Your goal: Show all the lines in the data below that include the word "nothing".

(Data items)
+---+

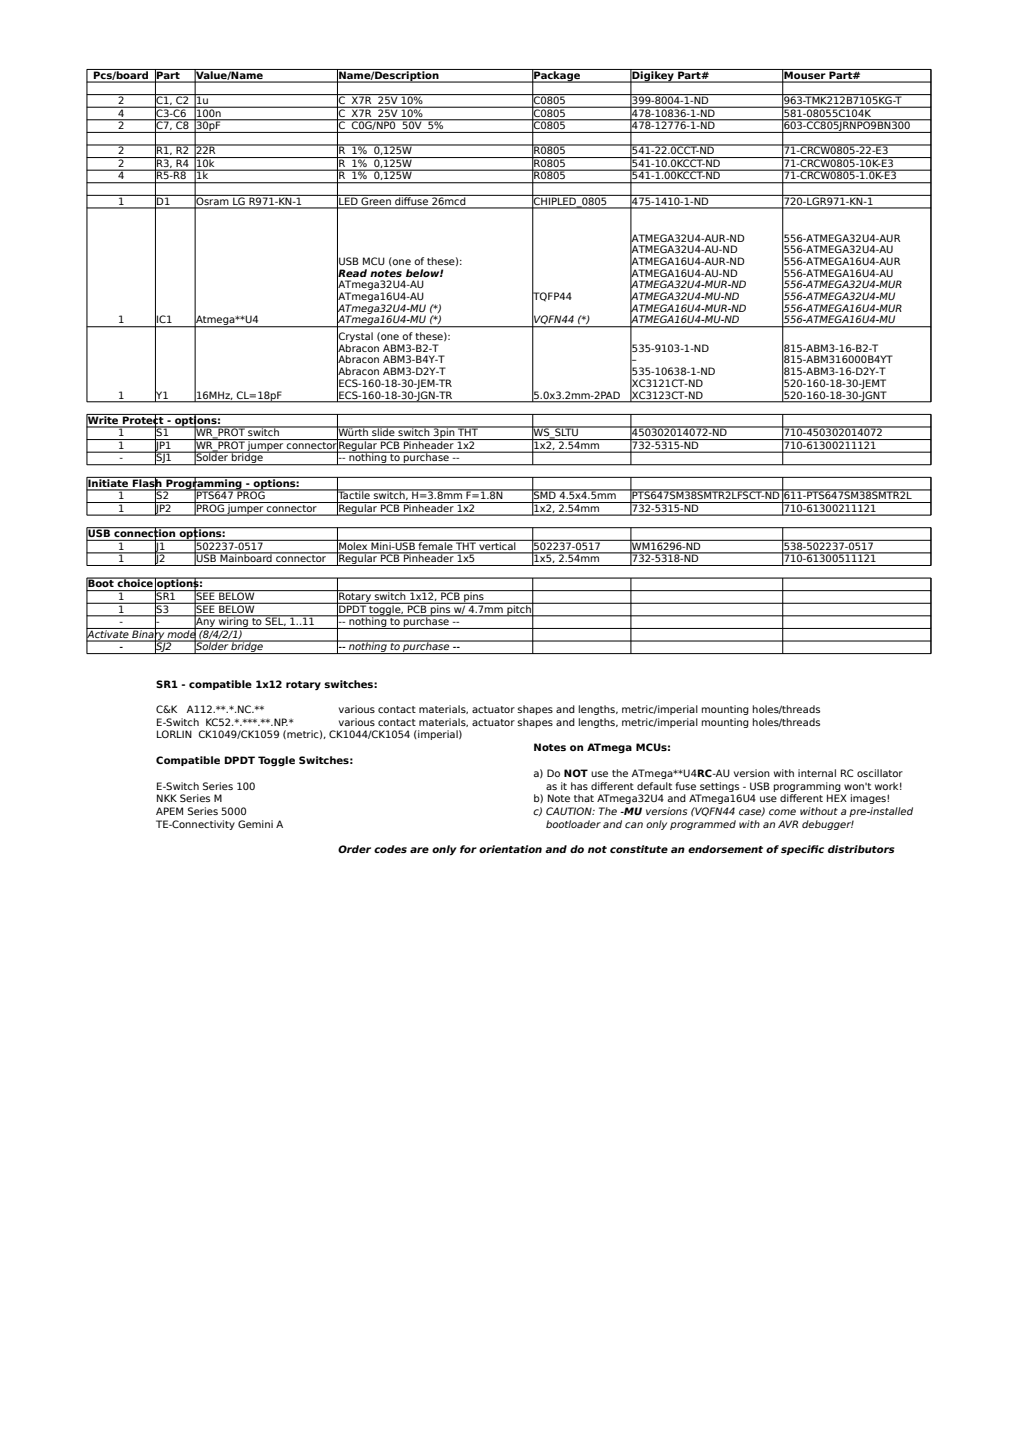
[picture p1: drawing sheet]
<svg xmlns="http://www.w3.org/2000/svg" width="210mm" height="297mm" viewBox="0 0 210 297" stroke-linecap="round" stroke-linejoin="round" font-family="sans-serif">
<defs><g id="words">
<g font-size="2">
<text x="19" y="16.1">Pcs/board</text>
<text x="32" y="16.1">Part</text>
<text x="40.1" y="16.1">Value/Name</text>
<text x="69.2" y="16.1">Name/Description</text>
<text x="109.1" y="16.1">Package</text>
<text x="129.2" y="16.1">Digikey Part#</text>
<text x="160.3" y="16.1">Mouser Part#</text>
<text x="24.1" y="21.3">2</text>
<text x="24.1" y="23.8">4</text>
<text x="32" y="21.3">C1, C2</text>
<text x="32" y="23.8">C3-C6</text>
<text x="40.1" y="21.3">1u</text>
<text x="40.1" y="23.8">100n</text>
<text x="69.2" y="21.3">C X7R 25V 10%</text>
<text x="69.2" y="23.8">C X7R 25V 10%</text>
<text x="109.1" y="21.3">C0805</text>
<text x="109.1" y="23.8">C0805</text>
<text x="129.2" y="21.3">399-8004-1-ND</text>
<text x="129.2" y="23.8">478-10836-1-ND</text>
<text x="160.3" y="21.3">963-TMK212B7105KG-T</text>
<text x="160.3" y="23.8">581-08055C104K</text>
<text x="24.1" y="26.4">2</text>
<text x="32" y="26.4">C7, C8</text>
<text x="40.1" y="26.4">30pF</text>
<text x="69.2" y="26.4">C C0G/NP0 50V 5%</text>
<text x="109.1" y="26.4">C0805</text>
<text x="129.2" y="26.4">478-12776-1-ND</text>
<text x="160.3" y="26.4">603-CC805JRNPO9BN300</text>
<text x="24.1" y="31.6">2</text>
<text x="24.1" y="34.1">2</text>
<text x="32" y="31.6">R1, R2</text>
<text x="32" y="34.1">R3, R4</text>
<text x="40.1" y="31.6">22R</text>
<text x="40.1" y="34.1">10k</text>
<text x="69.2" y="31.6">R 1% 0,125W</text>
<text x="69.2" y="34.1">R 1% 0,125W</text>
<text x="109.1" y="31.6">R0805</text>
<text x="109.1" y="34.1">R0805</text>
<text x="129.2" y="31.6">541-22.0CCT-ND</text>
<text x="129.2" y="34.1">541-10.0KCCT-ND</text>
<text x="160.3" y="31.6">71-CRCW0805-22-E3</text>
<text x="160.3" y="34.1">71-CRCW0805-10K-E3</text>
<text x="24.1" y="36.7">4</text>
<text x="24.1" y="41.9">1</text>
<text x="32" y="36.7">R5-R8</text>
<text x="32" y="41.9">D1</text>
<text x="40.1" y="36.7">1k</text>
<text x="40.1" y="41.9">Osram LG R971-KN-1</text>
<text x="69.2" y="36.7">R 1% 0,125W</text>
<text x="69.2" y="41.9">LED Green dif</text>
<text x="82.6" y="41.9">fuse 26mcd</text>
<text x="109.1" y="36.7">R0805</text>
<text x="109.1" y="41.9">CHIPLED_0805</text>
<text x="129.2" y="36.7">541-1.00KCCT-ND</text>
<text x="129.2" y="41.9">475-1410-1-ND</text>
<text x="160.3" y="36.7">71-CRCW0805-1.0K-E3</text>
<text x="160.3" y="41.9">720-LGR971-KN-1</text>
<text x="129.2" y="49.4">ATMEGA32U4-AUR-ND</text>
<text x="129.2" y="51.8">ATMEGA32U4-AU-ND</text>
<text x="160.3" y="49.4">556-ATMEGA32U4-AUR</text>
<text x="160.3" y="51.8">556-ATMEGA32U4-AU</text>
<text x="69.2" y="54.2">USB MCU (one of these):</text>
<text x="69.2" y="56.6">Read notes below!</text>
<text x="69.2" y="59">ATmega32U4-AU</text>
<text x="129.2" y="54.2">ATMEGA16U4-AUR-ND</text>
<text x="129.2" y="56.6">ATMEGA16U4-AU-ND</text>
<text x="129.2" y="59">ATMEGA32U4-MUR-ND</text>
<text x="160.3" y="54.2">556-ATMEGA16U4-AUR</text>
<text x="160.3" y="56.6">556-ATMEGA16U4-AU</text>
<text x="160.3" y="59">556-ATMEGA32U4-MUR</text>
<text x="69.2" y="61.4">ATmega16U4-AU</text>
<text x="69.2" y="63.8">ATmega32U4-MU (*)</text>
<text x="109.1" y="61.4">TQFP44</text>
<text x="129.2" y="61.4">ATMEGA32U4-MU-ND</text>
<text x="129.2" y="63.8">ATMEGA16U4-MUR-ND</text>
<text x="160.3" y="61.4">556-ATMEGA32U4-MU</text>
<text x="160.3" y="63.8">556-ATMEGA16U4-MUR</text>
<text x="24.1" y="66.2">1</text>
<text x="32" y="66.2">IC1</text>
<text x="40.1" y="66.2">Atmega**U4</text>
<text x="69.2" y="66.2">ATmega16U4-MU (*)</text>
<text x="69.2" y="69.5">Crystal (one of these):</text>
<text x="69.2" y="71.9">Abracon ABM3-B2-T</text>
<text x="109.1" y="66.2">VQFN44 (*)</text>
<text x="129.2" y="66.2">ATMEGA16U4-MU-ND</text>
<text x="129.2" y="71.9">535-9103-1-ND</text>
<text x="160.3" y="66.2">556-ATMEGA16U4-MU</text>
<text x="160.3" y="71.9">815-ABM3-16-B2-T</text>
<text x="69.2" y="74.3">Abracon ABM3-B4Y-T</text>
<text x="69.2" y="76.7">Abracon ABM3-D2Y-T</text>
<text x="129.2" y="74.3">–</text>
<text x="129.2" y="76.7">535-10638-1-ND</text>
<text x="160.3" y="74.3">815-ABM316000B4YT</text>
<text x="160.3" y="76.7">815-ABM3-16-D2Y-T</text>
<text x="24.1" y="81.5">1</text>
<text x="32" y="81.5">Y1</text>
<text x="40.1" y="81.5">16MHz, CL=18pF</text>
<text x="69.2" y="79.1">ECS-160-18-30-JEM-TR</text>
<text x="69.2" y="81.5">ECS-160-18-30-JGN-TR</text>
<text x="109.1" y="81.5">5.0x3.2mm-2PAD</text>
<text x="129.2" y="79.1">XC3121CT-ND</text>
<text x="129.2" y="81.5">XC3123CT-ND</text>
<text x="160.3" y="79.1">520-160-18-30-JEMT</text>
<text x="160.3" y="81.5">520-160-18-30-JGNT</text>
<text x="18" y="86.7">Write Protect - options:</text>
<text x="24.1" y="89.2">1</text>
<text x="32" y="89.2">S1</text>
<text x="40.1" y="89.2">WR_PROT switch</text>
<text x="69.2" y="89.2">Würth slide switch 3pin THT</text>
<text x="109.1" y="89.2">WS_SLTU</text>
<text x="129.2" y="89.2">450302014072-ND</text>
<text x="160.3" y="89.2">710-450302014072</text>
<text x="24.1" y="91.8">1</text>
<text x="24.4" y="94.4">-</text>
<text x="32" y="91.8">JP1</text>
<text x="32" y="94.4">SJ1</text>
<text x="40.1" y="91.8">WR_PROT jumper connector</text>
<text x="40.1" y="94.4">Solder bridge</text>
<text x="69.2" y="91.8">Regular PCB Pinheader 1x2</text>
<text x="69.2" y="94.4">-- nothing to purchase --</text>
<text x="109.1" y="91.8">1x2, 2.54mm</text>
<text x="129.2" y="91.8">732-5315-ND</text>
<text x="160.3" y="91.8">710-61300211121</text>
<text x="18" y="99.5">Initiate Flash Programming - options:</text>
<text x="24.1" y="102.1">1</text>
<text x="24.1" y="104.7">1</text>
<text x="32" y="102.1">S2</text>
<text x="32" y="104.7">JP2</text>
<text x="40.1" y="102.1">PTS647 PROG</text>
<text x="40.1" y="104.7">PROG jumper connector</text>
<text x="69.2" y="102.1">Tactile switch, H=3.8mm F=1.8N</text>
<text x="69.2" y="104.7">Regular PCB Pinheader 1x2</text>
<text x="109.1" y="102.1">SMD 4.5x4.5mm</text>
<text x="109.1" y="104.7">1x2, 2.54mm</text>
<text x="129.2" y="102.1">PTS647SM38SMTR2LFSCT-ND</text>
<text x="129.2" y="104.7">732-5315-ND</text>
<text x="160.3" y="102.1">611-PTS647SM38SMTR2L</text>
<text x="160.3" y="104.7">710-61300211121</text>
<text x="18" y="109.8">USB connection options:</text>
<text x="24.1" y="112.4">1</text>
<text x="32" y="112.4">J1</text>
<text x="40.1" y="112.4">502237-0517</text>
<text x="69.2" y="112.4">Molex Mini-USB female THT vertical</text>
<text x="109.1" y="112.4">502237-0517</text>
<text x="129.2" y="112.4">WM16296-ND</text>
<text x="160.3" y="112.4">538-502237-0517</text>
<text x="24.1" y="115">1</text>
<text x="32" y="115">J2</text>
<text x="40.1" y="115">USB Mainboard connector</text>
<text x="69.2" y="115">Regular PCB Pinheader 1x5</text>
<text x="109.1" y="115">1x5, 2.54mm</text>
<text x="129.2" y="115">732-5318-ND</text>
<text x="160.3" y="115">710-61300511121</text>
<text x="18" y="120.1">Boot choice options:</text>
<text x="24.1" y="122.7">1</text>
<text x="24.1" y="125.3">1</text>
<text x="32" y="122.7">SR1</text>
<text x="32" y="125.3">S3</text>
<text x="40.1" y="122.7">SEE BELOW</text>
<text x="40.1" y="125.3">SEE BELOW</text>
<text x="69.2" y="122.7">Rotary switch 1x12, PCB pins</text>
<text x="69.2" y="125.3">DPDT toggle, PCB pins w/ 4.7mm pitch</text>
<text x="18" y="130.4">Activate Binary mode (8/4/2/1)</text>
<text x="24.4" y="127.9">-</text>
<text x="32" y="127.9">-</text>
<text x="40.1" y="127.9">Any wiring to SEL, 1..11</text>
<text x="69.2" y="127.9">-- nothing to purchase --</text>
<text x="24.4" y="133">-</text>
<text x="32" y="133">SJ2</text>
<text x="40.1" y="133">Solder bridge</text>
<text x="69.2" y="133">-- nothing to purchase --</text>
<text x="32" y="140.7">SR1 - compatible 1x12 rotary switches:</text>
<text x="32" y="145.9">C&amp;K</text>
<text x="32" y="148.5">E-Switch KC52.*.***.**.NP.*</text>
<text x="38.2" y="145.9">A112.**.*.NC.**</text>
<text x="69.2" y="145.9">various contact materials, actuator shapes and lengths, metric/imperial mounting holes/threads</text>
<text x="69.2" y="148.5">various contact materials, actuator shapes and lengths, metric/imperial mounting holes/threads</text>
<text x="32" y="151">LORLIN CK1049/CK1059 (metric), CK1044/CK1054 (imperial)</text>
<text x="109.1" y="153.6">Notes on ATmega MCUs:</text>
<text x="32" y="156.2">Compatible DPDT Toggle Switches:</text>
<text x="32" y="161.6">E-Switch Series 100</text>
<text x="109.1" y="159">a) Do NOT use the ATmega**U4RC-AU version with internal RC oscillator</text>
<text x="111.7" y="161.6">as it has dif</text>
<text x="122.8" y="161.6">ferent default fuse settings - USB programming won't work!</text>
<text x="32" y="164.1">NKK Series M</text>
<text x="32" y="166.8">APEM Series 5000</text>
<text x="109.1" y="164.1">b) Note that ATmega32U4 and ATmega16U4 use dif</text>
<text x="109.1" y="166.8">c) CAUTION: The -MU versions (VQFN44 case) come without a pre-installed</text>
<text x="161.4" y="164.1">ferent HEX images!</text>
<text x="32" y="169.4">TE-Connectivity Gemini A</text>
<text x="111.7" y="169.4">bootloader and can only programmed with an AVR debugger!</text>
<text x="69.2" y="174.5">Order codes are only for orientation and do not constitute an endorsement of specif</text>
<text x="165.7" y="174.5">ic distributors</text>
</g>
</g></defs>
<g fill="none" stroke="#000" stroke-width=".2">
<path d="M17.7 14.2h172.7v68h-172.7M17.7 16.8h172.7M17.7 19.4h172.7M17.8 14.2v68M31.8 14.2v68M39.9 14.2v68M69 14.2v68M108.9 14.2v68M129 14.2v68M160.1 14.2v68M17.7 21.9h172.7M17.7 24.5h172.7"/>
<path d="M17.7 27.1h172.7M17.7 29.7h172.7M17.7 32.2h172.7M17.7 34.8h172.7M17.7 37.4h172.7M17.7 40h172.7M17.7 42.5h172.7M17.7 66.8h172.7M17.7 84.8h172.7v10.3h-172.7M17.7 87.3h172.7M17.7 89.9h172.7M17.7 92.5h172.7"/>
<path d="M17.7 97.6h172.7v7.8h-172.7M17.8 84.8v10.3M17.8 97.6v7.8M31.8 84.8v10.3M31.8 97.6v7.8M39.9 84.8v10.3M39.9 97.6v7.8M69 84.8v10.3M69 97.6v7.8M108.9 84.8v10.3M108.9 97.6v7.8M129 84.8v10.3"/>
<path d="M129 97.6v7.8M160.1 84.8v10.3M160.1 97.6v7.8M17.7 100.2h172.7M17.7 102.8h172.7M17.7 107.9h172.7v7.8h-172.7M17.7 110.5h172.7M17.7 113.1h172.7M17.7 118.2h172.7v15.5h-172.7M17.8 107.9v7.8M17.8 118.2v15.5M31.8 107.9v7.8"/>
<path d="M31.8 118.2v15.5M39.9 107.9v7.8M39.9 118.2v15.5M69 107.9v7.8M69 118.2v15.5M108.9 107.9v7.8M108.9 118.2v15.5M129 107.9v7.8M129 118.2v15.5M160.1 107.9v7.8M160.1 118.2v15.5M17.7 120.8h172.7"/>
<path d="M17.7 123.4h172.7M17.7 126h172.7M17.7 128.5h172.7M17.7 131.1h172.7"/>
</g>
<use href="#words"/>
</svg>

+---+

Exercise solution:
<text x="69.2" y="94.4">-- nothing to purchase --</text>
<text x="69.2" y="127.9">-- nothing to purchase --</text>
<text x="69.2" y="133">-- nothing to purchase --</text>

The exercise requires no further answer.